_Entries provided_.

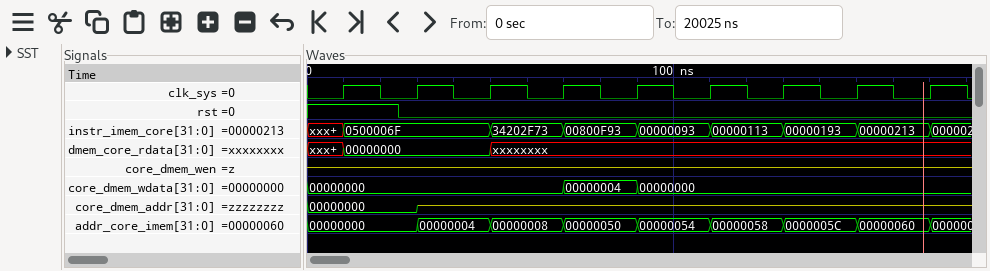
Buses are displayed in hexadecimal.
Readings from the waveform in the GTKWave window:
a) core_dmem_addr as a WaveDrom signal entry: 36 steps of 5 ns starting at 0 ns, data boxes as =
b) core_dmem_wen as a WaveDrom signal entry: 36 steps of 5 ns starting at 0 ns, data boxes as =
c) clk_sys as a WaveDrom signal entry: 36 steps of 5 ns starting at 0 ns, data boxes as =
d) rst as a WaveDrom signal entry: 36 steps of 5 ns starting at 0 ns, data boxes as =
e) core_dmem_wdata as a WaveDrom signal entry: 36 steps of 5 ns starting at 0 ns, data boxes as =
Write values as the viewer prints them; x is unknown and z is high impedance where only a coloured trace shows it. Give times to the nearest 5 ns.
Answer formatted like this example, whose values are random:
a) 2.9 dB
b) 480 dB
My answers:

_Task_. Find and copy each line in the material above where the string "WaveDrom" occurs.

_Response_.
a) core_dmem_addr as a WaveDrom signal entry: 36 steps of 5 ns starting at 0 ns, data boxes as =
b) core_dmem_wen as a WaveDrom signal entry: 36 steps of 5 ns starting at 0 ns, data boxes as =
c) clk_sys as a WaveDrom signal entry: 36 steps of 5 ns starting at 0 ns, data boxes as =
d) rst as a WaveDrom signal entry: 36 steps of 5 ns starting at 0 ns, data boxes as =
e) core_dmem_wdata as a WaveDrom signal entry: 36 steps of 5 ns starting at 0 ns, data boxes as =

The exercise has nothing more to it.